Nelson et al. (2024) concluded that women in the global health workforce more often experience non-physical violence, including verbal abuse, sexual harassment and bullying, while men more often experience physical violence. This distinction is essential for OVA risk management because non-physical violence is often normalised, underreported and misclassified as “difficult behaviour,” “customer service pressure,” “interpersonal conflict” or “part of the job.”
For many workers, repeated verbal aggression can be as organisationally significant as isolated physical incidents. Chronic exposure to shouting, insults, threats, intimidation, humiliation, sexist comments or degrading treatment may create cumulative psychosocial harm, particularly when the organisation fails to respond or treats repeated aggression as routine.
7. Sexual harassment and gender-based violence: consistently higher risk for women
Workplace sexual harassment and sexual violence show the clearest gender difference in the occupational violence and aggression literature. Female workers are consistently at substantially higher risk across sectors, regions and study designs.

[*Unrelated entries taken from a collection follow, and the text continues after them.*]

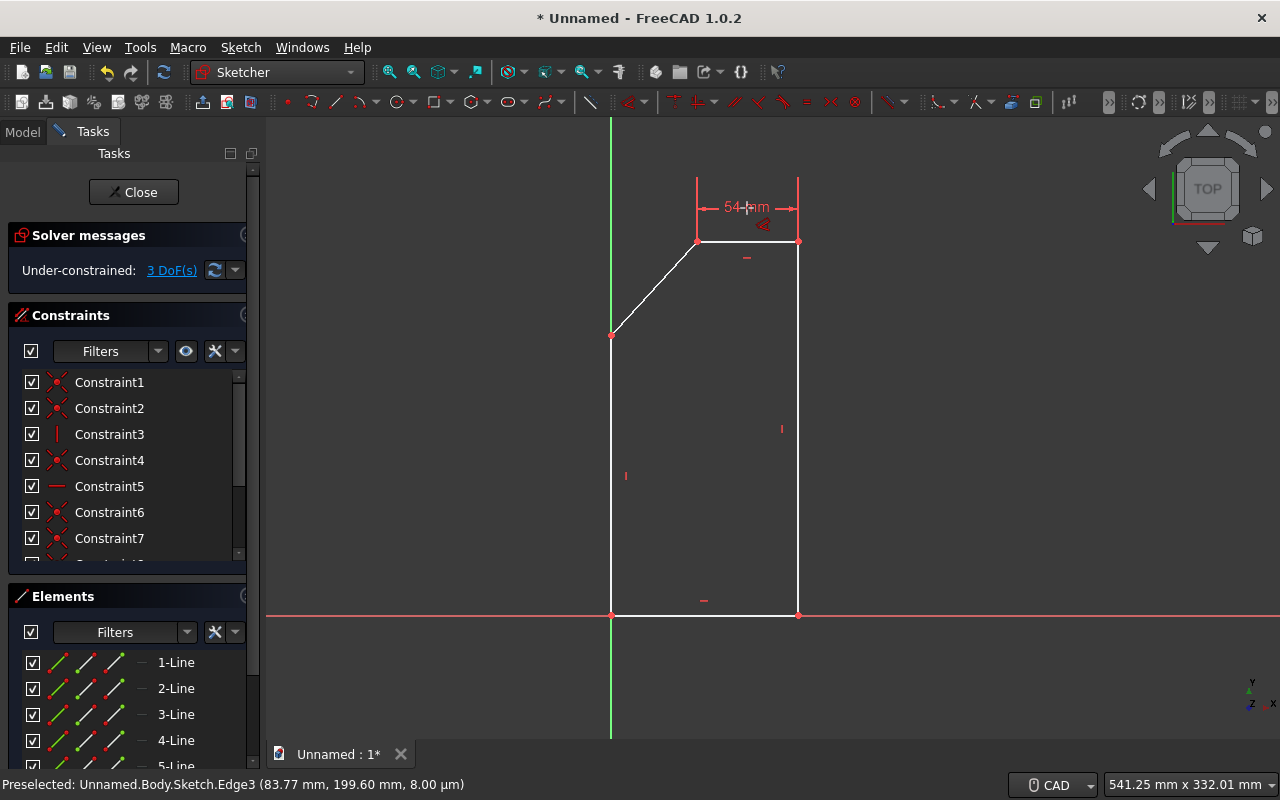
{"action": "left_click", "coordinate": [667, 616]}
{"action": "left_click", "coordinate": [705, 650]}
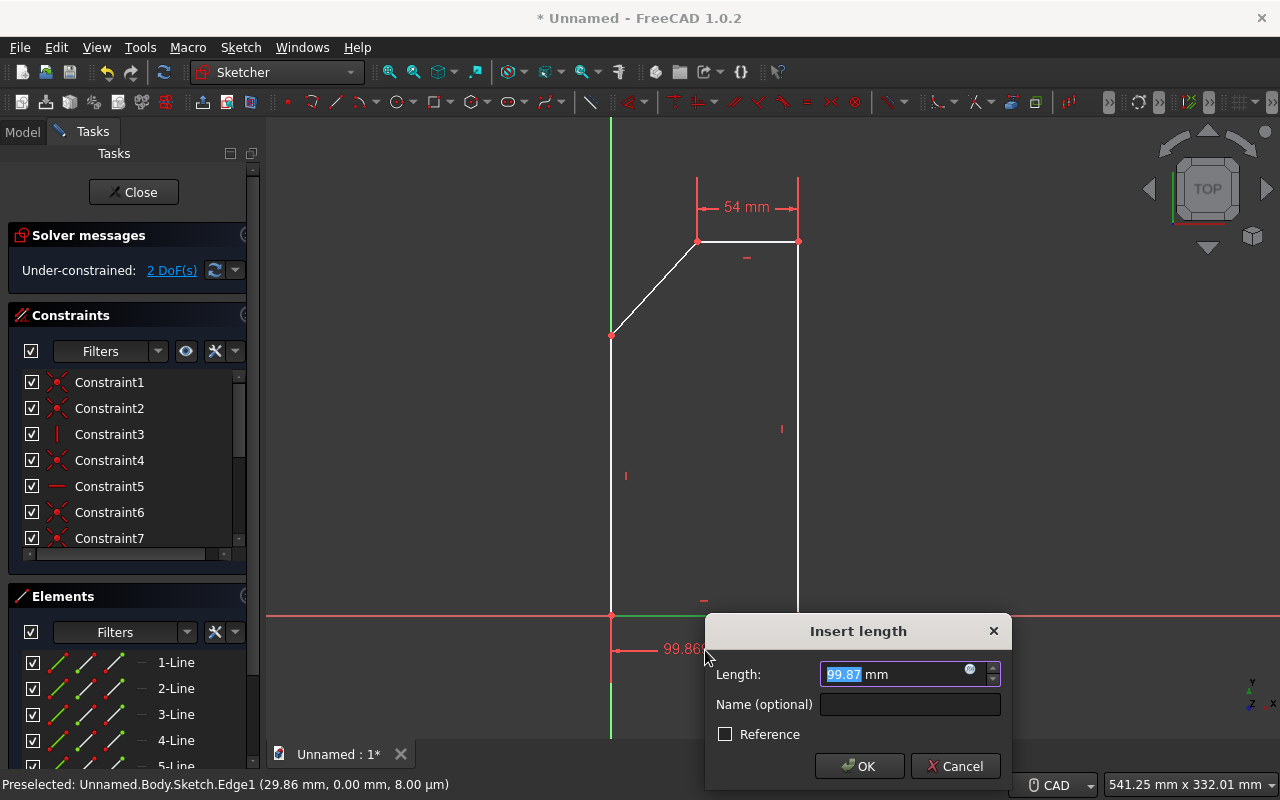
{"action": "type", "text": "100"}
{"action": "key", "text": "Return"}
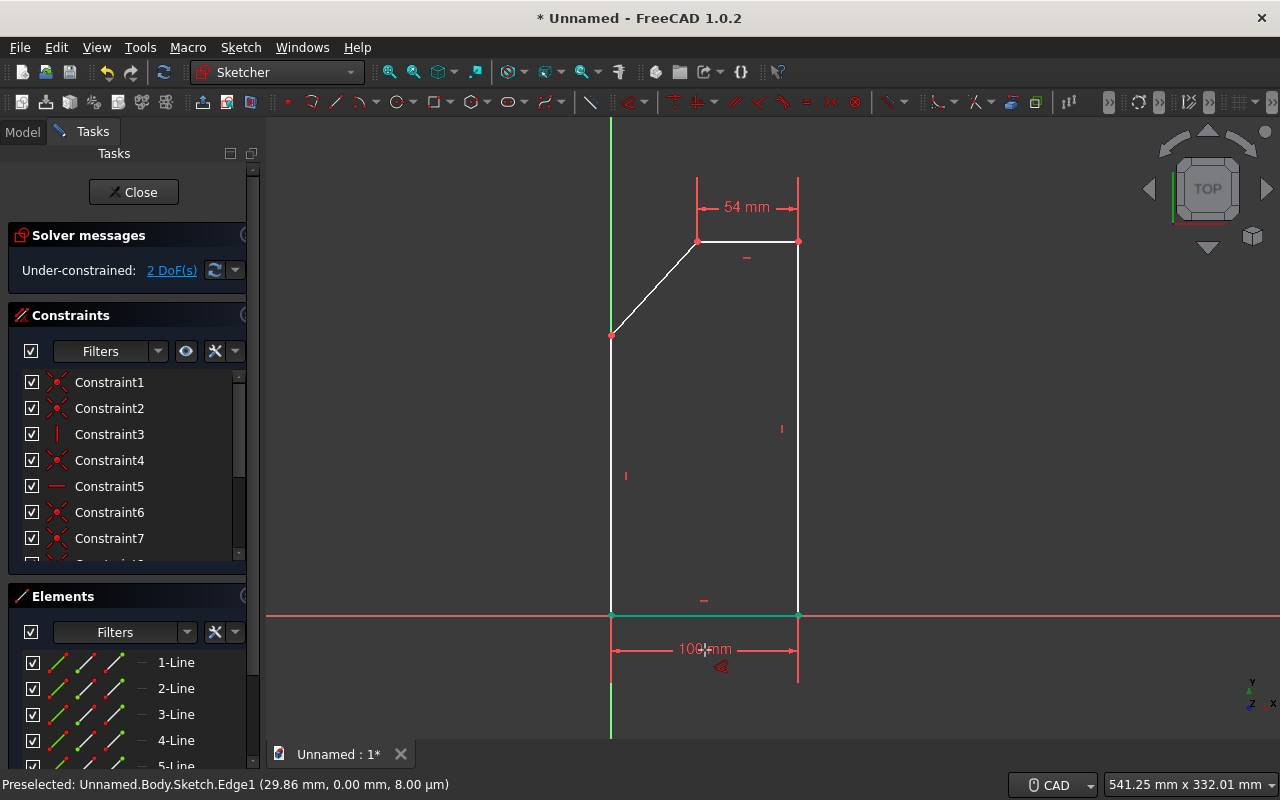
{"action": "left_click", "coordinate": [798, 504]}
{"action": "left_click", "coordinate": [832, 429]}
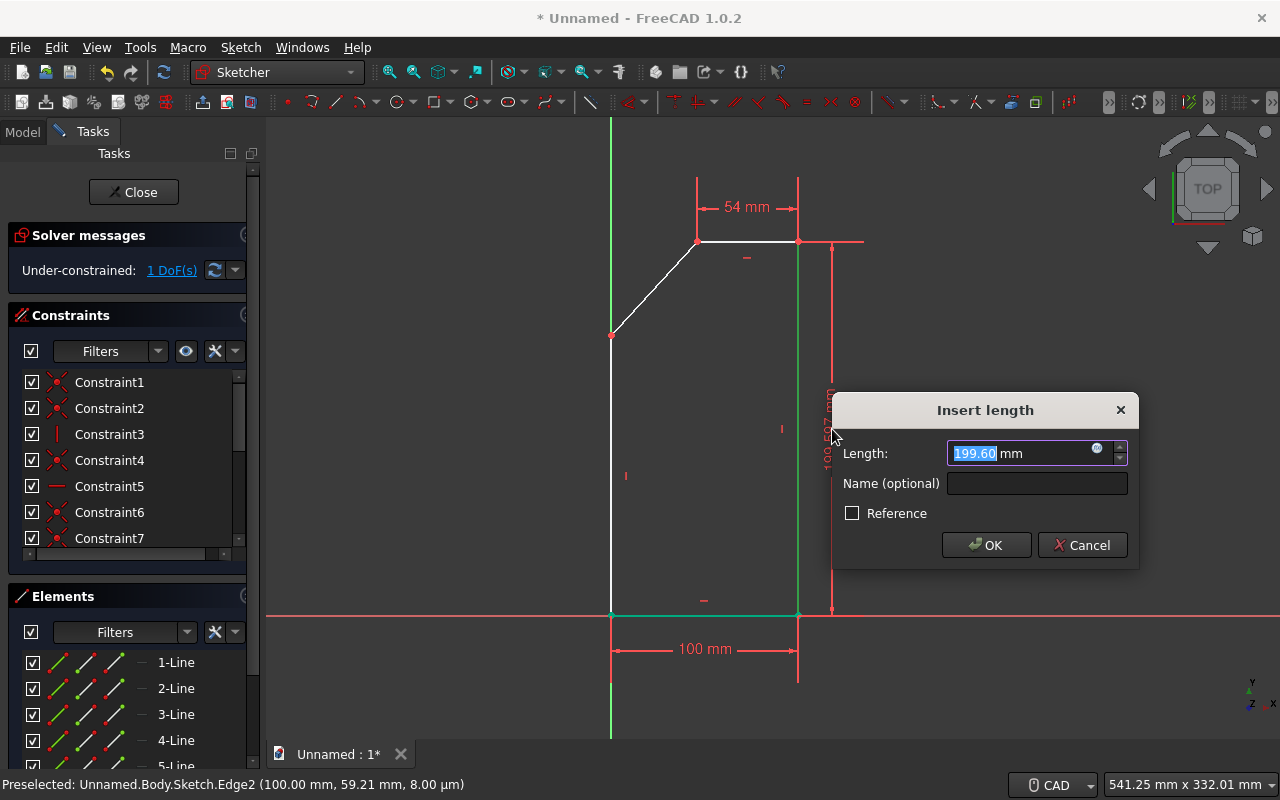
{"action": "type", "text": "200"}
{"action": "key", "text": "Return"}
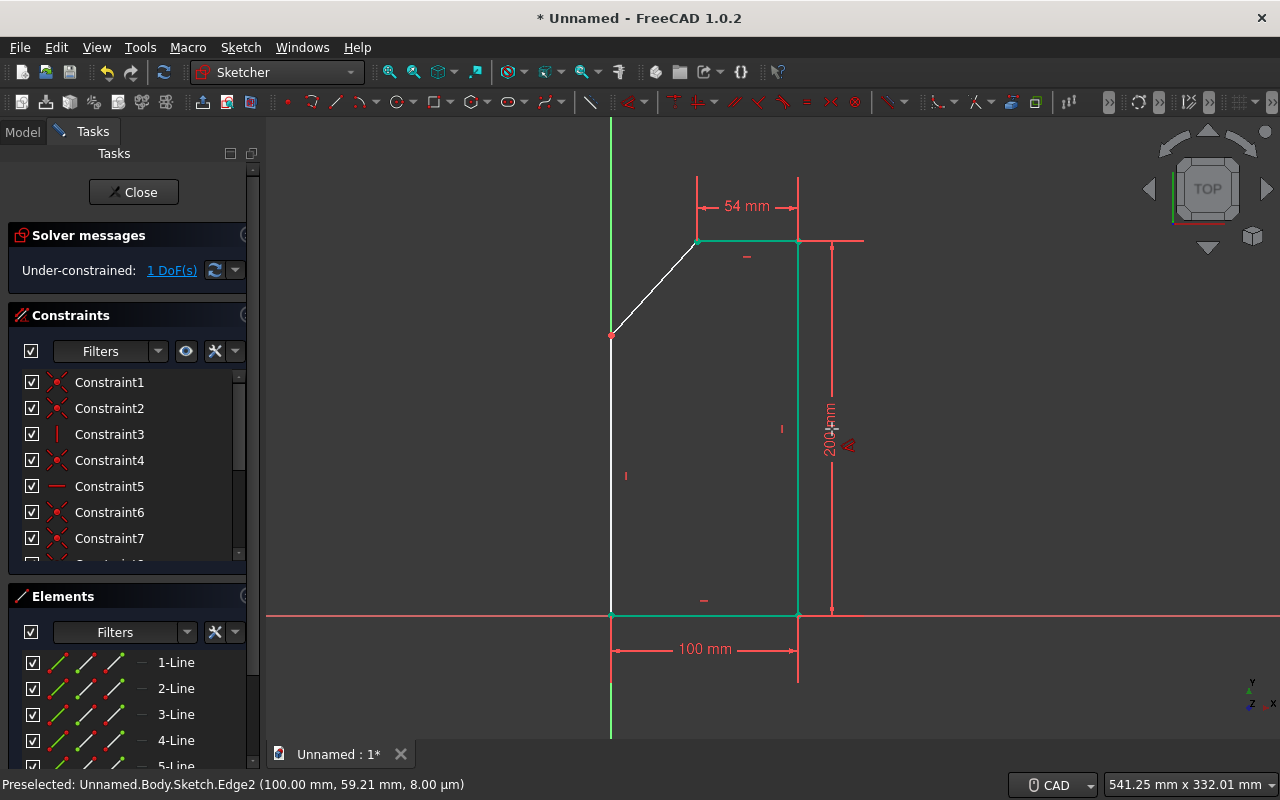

In a meta-analysis of violence against paramedics, physical and verbal violence did not show strong gender differences, but sexual harassment was four times higher among women than men: 24% compared with 6% (Shabanikiya et al., 2021). Italian healthcare research found female gender independently associated with sexual harassment (La Torre et al., 2022b). Japanese hospital research identified female sex as a risk factor for sexual harassment (Fujita et al., 2012). Italian nursing research identified female gender as a predictor of sexual assault (Pucciarelli et al., 2020).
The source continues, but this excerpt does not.